Biden’s intentionally inoffensive formula is superior to Trump’s abrasive one, as the 2020 and 2022 elections demonstrated. And yet, with Trump currently on track to secure the 2024 GOP nomination, Republicans are poised to repeat their mistakes. A recent CBS survey found that 75 percent of GOP primary voters who back Trump are doing so because they believe that “he actually won in 2020.” By contrast, polls have repeatedly found that large majorities of Americans believe that Trump lost. The former president’s loyalists are seeking to serve exactly what the broader electorate is not willing to consume.

This is where Biden’s anodyne affect becomes an asset rather than a liability, especially today. By taking conventional but popular positions that resonate with both Democrats and independents, Biden makes himself the dependable choice. And by receding into the background and letting his opponent do the talking, Biden ensures that the coming campaign cycle centers on the other side’s profoundly unpopular positions. When the only alternative to vanilla is rum raisin with a side of insurrection, the unassuming starts to look quite attractive.

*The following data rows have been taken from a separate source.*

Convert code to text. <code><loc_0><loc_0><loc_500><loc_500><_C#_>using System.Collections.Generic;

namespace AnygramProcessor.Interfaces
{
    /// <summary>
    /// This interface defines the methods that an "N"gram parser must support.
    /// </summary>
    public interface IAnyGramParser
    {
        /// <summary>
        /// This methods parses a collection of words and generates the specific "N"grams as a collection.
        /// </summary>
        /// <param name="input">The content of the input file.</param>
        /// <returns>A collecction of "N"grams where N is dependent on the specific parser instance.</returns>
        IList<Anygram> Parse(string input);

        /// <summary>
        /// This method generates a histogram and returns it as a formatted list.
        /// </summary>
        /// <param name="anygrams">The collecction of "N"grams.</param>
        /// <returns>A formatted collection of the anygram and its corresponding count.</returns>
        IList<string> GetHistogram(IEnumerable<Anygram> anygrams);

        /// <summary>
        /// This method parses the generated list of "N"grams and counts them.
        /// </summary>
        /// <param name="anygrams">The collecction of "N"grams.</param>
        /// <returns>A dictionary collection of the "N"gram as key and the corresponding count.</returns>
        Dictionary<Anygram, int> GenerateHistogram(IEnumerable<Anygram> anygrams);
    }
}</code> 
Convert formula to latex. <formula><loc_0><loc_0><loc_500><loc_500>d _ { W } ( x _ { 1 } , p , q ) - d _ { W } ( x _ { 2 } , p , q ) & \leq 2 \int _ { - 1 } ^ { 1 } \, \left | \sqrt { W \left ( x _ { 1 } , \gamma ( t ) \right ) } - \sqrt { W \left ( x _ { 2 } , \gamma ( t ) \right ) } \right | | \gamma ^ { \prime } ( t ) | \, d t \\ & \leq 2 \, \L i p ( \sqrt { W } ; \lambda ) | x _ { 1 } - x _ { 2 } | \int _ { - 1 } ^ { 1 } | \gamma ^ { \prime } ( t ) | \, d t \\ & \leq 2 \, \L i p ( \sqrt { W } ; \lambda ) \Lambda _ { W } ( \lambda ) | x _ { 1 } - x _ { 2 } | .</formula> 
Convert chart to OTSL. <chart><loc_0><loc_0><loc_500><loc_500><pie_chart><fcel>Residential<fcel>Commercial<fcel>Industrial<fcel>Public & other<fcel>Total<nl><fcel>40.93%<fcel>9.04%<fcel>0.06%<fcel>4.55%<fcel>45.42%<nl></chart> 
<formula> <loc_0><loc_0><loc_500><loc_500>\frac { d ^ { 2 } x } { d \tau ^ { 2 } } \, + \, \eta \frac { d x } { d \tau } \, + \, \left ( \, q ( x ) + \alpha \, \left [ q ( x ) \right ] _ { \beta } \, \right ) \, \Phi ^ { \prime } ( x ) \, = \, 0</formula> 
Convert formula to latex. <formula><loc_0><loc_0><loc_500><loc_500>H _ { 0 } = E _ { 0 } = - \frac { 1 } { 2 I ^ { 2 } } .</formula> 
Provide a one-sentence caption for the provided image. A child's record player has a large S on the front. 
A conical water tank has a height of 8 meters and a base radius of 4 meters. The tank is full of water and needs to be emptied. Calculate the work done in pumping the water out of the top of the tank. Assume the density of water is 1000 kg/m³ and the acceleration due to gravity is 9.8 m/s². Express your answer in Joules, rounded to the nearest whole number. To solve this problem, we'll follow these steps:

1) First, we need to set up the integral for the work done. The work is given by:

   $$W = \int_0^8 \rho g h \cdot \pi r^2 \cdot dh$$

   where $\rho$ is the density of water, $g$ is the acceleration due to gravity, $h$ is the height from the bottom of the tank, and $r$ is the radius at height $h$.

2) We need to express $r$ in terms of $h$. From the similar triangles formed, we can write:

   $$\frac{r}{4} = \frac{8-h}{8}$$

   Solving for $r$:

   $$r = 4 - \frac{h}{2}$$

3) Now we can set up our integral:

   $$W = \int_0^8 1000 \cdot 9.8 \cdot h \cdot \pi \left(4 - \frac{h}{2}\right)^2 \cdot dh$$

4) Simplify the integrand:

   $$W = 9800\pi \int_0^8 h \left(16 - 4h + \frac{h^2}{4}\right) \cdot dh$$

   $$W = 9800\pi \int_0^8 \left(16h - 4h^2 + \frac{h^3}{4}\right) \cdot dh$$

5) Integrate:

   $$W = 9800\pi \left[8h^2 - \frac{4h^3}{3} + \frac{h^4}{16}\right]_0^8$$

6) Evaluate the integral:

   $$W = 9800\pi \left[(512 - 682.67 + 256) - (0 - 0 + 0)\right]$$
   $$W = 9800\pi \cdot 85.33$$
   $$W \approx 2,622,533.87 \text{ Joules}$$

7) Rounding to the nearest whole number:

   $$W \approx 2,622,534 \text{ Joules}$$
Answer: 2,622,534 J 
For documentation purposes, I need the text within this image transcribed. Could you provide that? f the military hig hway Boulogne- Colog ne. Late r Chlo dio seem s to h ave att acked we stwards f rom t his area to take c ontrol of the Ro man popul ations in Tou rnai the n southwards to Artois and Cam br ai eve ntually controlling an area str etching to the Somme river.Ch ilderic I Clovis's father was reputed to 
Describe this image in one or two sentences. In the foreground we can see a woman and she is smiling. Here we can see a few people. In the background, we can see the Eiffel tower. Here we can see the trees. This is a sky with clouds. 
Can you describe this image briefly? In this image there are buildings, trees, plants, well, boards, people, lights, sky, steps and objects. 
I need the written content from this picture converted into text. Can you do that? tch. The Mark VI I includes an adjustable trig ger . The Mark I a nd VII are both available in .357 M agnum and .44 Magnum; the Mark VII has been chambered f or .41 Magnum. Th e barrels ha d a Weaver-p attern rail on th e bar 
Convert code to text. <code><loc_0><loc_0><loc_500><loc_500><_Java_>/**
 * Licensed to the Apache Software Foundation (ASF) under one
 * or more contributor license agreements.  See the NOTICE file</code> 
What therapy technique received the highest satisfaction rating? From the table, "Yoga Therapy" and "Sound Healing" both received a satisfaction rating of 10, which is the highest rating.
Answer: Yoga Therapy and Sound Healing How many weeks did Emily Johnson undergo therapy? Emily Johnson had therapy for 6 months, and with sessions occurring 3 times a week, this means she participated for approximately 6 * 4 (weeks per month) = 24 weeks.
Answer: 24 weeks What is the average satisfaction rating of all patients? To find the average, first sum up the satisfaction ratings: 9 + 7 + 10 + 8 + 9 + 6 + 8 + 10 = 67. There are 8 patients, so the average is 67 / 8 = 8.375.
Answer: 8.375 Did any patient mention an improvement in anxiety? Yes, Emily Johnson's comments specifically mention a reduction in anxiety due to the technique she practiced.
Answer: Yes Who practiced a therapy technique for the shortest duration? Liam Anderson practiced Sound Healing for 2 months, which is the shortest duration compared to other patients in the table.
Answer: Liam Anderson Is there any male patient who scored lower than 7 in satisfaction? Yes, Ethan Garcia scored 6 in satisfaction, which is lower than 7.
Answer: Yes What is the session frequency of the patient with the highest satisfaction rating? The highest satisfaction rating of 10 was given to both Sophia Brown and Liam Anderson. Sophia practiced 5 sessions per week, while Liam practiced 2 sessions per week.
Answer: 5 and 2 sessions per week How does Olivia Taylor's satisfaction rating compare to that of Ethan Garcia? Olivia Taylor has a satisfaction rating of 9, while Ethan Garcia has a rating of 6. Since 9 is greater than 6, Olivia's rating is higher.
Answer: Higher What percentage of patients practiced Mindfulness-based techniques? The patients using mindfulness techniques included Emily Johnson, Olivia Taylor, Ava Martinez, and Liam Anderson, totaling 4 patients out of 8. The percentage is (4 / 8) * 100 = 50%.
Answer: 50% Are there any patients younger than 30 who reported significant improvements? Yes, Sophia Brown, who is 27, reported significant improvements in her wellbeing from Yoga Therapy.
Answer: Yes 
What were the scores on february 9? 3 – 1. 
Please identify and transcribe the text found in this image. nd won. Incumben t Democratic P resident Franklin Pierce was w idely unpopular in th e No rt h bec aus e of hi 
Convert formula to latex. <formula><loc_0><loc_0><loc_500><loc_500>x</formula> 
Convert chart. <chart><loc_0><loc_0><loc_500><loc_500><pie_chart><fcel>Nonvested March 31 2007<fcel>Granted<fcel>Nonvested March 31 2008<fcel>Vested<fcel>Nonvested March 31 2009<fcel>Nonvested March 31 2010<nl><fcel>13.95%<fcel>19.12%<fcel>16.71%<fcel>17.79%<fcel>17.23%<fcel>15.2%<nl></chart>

Because Trump is peddling a product that is toxic to a majority of voters, there’s no need for a flashy candidate to compete with him for the spotlight. Biden doesn’t want to drown out Trump’s wild conspiracies and petty cruelties—he wants independent voters to hear them and remember why most of them rejected Trump twice at the ballot box. In a very real way, Trump is the Biden campaign’s best surrogate.

In recent months, the likely Republican nominee has been arrested, gone on trial for civil damages in a rape case, and snatched a reporter’s phone after the journalist asked him questions he didn’t like. Trump regularly makes extreme statements that thrill his supporters but alienate more moderate voters. At a recent conservative conference, he declared, “The sinister forces trying to kill America have done everything they can to stop me, to silence you, and to turn this nation into a socialist dumping ground for criminals, junkies, Marxists, thugs, radicals, and dangerous refugees that no other country wants.” The longer the campaign continues, the more Trump will remind audiences why they dislike him. He is, in other words, the anti-Biden.

None of this means the president won’t lose to Trump in a 2024 rematch, which polls project to be perilously close. But it helps explain why Biden continues to outperform expectations, despite obvious shortcomings such as his age, propensity for gaffes, and history of failed presidential campaigns. It’s understandable that certain Democrats want someone with more flavor to be their standard-bearer, but the trick to being a consensus candidate is to avoid giving voters reasons not to vote for you. That’s Biden’s specialty—and Trump’s weakness.